**TASK DETAILS:** Print the lines exactly. Start at the first line of the material below, end with the line that contains "com painéis laterais</text>", and skip all pictures.

* * *

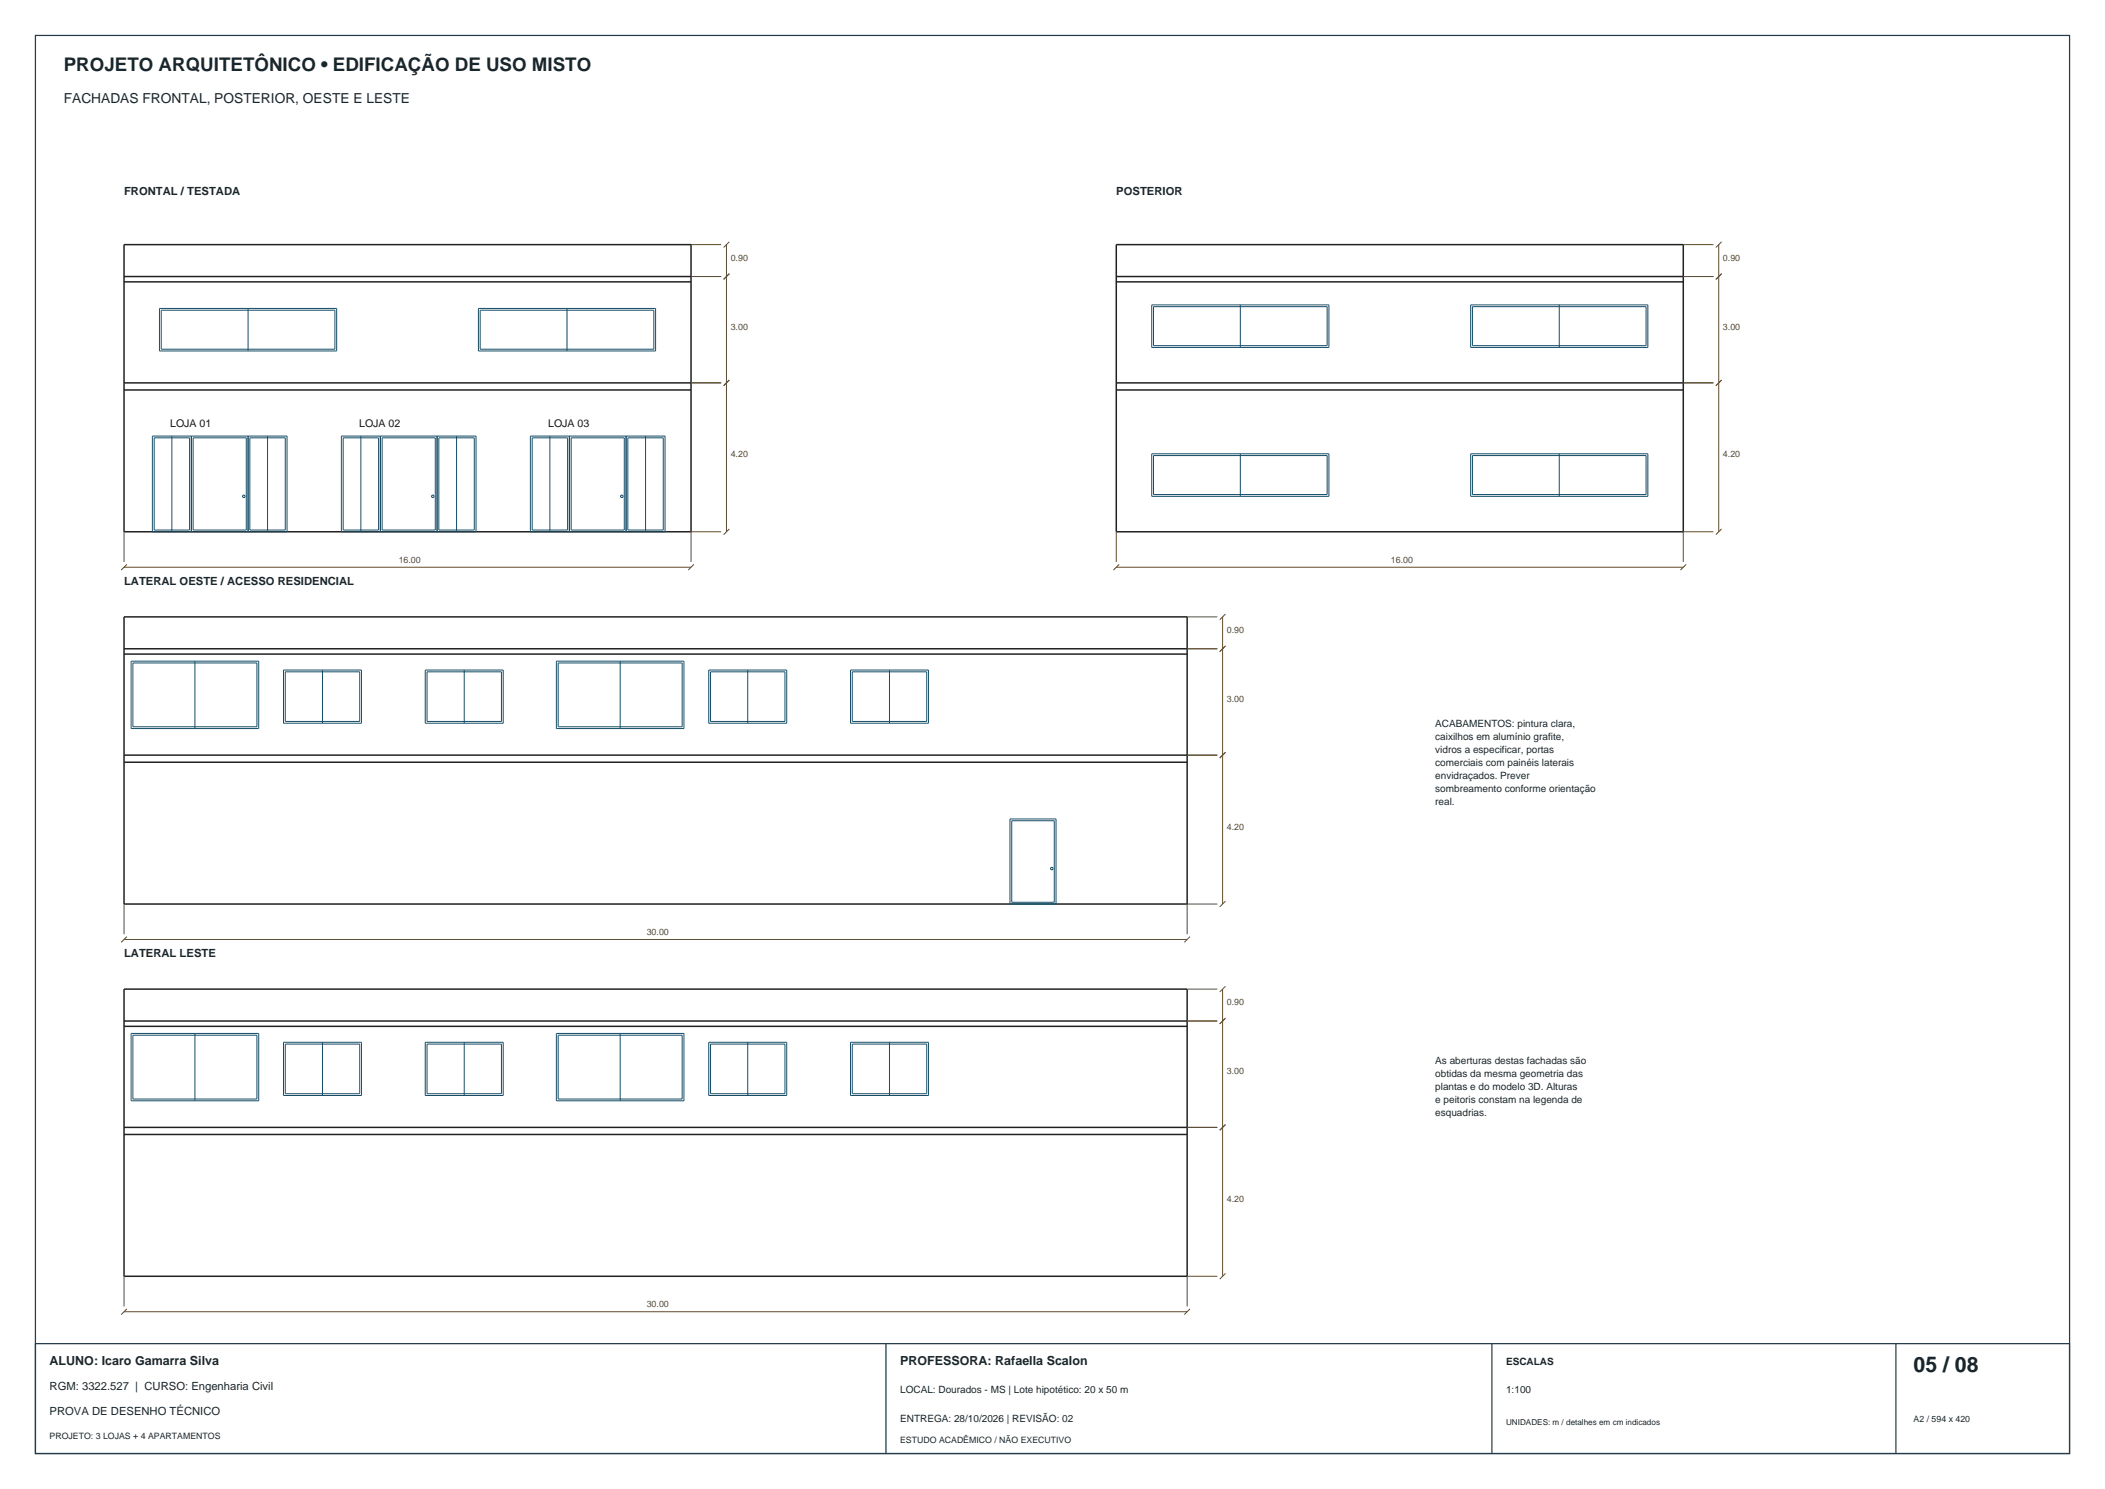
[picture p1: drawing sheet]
<svg xmlns="http://www.w3.org/2000/svg" width="594mm" height="420mm" viewBox="0 0 594 420" stroke-linecap="round" stroke-linejoin="round" font-family="sans-serif">
<defs><g id="words">
<text font-size="6" fill="#18262d" x="540" y="387">05 / 08</text>
<text font-size="5.3" fill="#18262d" x="18" y="20">PROJETO ARQUITETÔNICO • EDIFICAÇÃO DE USO MISTO</text>
<text font-size="3.9" fill="#18262d" x="18" y="29">FACHADAS FRONTAL, POSTERIOR, OESTE E LESTE</text>
<g font-size="3.5" fill="#18262d">
<text x="14" y="385">ALUNO: Icaro Gamarra Silva</text>
<text x="254" y="385">PROFESSORA: Rafaella Scalon</text>
</g>
<g font-size="3.2" fill="#18262d">
<text x="35" y="55">FRONTAL / TESTADA</text>
<text x="315" y="55">POSTERIOR</text>
<text x="35" y="165">LATERAL OESTE / ACESSO RESIDENCIAL</text>
<text x="35" y="270">LATERAL LESTE</text>
<text x="14" y="392">RGM: 3322.527 | CURSO: Engenharia Civil</text>
<text x="14" y="399">PROVA DE DESENHO TÉCNICO</text>
</g>
<g font-size="3" fill="#151515">
<text x="48" y="120.5">LOJA 01</text>
<text x="101.3" y="120.5">LOJA 02</text>
<text x="154.7" y="120.5">LOJA 03</text>
</g>
<g font-size="2.8" fill="#18262d">
<text x="405" y="205">ACABAMENTOS: pintura clara,</text>
<text x="405" y="208.7">caixilhos em alumínio grafite,</text>
<text x="405" y="212.4">vidros a especificar, portas</text>
<text x="405" y="216">comerciais com painéis laterais</text>
<text x="405" y="219.7">envidraçados. Prever</text>
<text x="405" y="223.4">sombreamento conforme orientação</text>
<text x="405" y="227.1">real.</text>
<text x="405" y="300">As aberturas destas fachadas são</text>
<text x="405" y="303.7">obtidas da mesma geometria das</text>
<text x="405" y="307.4">plantas e do modelo 3D. Alturas</text>
<text x="405" y="311">e peitoris constam na legenda de</text>
<text x="405" y="314.7">esquadrias.</text>
<text x="425" y="385">ESCALAS</text>
<text x="254" y="393">LOCAL: Dourados - MS | Lote hipotético: 20 x 50 m</text>
<text x="425" y="393">1:100</text>
<text x="254" y="401">ENTREGA: 28/10/2026 | REVISÃO: 02</text>
</g>
<g font-size="2.5" fill="#624b28">
<text x="206.2" y="73.5">0.90</text>
<text x="486.2" y="73.5">0.90</text>
<text x="206.2" y="93">3.00</text>
<text x="486.2" y="93">3.00</text>
<text x="206.2" y="129">4.20</text>
<text x="486.2" y="129">4.20</text>
<text x="112.5" y="158.8">16.00</text>
<text x="392.5" y="158.8">16.00</text>
<text x="346.2" y="178.5">0.90</text>
<text x="346.2" y="198">3.00</text>
<text x="346.2" y="234">4.20</text>
<text x="182.5" y="263.8">30.00</text>
<text x="346.2" y="283.5">0.90</text>
<text x="346.2" y="303">3.00</text>
<text x="346.2" y="339">4.20</text>
<text x="182.5" y="368.8">30.00</text>
</g>
<g font-size="2.5" fill="#18262d">
<text x="540" y="401">A2 / 594 x 420</text>
<text x="14" y="406">PROJETO: 3 LOJAS + 4 APARTAMENTOS</text>
<text x="254" y="407">ESTUDO ACADÊMICO / NÃO EXECUTIVO</text>
</g>
<text font-size="2.3" fill="#18262d" x="425" y="402">UNIDADES: m / detalhes em cm indicados</text>
</g></defs>
<path d="M10 10h574v400h-574zM10 379h574v31h-574zM250 379v31M421 379v31M535 379v31" fill="none" stroke="#243b49" stroke-width=".35"/>
<g fill="none" stroke="#202020" stroke-width=".42">
<path d="M35 69h160v81h-160zM35 79.5h160M35 78h160M315 69h160v81h-160zM315 79.5h160M315 78h160M35 110h160M35 108h160M315 110h160M315 108h160M35 174h300v81h-300zM35 184.5h300"/>
<path d="M35 183h300M35 215h300M35 213h300M35 279h300v81h-300zM35 289.5h300M35 288h300M35 320h300M35 318h300"/>
</g>
<g fill="none" stroke="#154e69" stroke-width=".28">
<path d="M45 87h50v12h-50zM45.5 87.5h49v11h-49zM70 87v12M135 87h50v12h-50zM135.5 87.5h49v11h-49zM160 87v12M325 86h50v12h-50zM325.5 86.5h49v11h-49zM350 86v12M415 86h50v12h-50zM415.5 86.5h49v11h-49zM440 86v12"/>
<path d="M43 123h38v27h-38zM43.5 123.5h10v26h-10zM48.5 123v27M54 123v27M54.5 123.5h15v26h-15zM70 123v27M70.5 123.5h10v26h-10zM75.5 123v27M96.3 123h38v27h-38zM96.8 123.5h10v26h-10zM101.8 123v27M107.3 123v27"/>
<path d="M107.8 123.5h15v26h-15zM123.3 123v27M123.8 123.5h10v26h-10zM128.8 123v27M149.7 123h38v27h-38zM150.2 123.5h10v26h-10zM155.2 123v27M160.7 123v27M161.2 123.5h15v26h-15zM176.7 123v27M177.2 123.5h10v26h-10zM182.2 123v27"/>
<path d="M325 128h50v12h-50zM325.5 128.5h49v11h-49zM350 128v12M415 128h50v12h-50zM415.5 128.5h49v11h-49zM440 128v12M37 186.5h36v19h-36zM37.5 187h35v18h-35zM55 186.5v19M80 189h22v15h-22zM80.5 189.5h21v14h-21zM91 189v15"/>
<path d="M120 189h22v15h-22zM120.5 189.5h21v14h-21zM131 189v15M157 186.5h36v19h-36zM157.5 187h35v18h-35zM175 186.5v19M200 189h22v15h-22zM200.5 189.5h21v14h-21zM211 189v15M240 189h22v15h-22zM240.5 189.5h21v14h-21zM251 189v15"/>
<path d="M285 231h13v24h-13zM285.5 231.5h12v23h-12zM37 291.5h36v19h-36zM37.5 292h35v18h-35zM55 291.5v19M80 294h22v15h-22zM80.5 294.5h21v14h-21zM91 294v15M120 294h22v15h-22zM120.5 294.5h21v14h-21zM131 294v15M157 291.5h36v19h-36z"/>
<path d="M157.5 292h35v18h-35zM175 291.5v19M200 294h22v15h-22zM200.5 294.5h21v14h-21zM211 294v15M240 294h22v15h-22zM240.5 294.5h21v14h-21zM251 294v15"/>
<circle cx="68.8" cy="140" r=".35"/>
<circle cx="122.1" cy="140" r=".35"/>
<circle cx="175.5" cy="140" r=".35"/>
<circle cx="296.8" cy="245" r=".35"/>
</g>
<g fill="none" stroke="#624b28" stroke-width=".28">
<path d="M195 78h8.5M195 69h8.5M205 69v81M205.8 77.2l-1.6 1.6M205.8 68.2l-1.6 1.6M475 78h8.5M475 69h8.5M485 69v81M485.8 77.2l-1.6 1.6M485.8 68.2l-1.6 1.6M195 108h8.5M205.8 107.2l-1.6 1.6"/>
<path d="M475 108h8.5M485.8 107.2l-1.6 1.6M35 150v8.5M35 160h160M35.8 159.2l-1.6 1.6M195.8 159.2l-1.6 1.6M203.5 150h-8.5v8.5M205.8 149.2l-1.6 1.6M315 160h160M315 150v8.5M315.8 159.2l-1.6 1.6M475.8 159.2l-1.6 1.6"/>
<path d="M483.5 150h-8.5v8.5M485.8 149.2l-1.6 1.6M335 174h8.5M345 174v81M345.8 173.2l-1.6 1.6M335 183h8.5M345.8 182.2l-1.6 1.6M335 213h8.5M345.8 212.2l-1.6 1.6M35 255v8.5M343.5 255h-8.5v8.5M345.8 254.2l-1.6 1.6"/>
<path d="M35 265h300M35.8 264.2l-1.6 1.6M335 279h8.5M335.8 264.2l-1.6 1.6M345 279v81M345.8 278.2l-1.6 1.6M335 288h8.5M345.8 287.2l-1.6 1.6M335 318h8.5M345.8 317.2l-1.6 1.6M35 360v8.5M343.5 360h-8.5v8.5"/>
<path d="M345.8 359.2l-1.6 1.6M35 370h300M35.8 369.2l-1.6 1.6M335.8 369.2l-1.6 1.6"/>
</g>
<use href="#words"/>
</svg>

* * *

**ANSWER SPACE:**
[picture p1: drawing sheet]
<svg xmlns="http://www.w3.org/2000/svg" width="594mm" height="420mm" viewBox="0 0 594 420" stroke-linecap="round" stroke-linejoin="round" font-family="sans-serif">
<defs><g id="words">
<text font-size="6" fill="#18262d" x="540" y="387">05 / 08</text>
<text font-size="5.3" fill="#18262d" x="18" y="20">PROJETO ARQUITETÔNICO • EDIFICAÇÃO DE USO MISTO</text>
<text font-size="3.9" fill="#18262d" x="18" y="29">FACHADAS FRONTAL, POSTERIOR, OESTE E LESTE</text>
<g font-size="3.5" fill="#18262d">
<text x="14" y="385">ALUNO: Icaro Gamarra Silva</text>
<text x="254" y="385">PROFESSORA: Rafaella Scalon</text>
</g>
<g font-size="3.2" fill="#18262d">
<text x="35" y="55">FRONTAL / TESTADA</text>
<text x="315" y="55">POSTERIOR</text>
<text x="35" y="165">LATERAL OESTE / ACESSO RESIDENCIAL</text>
<text x="35" y="270">LATERAL LESTE</text>
<text x="14" y="392">RGM: 3322.527 | CURSO: Engenharia Civil</text>
<text x="14" y="399">PROVA DE DESENHO TÉCNICO</text>
</g>
<g font-size="3" fill="#151515">
<text x="48" y="120.5">LOJA 01</text>
<text x="101.3" y="120.5">LOJA 02</text>
<text x="154.7" y="120.5">LOJA 03</text>
</g>
<g font-size="2.8" fill="#18262d">
<text x="405" y="205">ACABAMENTOS: pintura clara,</text>
<text x="405" y="208.7">caixilhos em alumínio grafite,</text>
<text x="405" y="212.4">vidros a especificar, portas</text>
<text x="405" y="216">comerciais com painéis laterais</text>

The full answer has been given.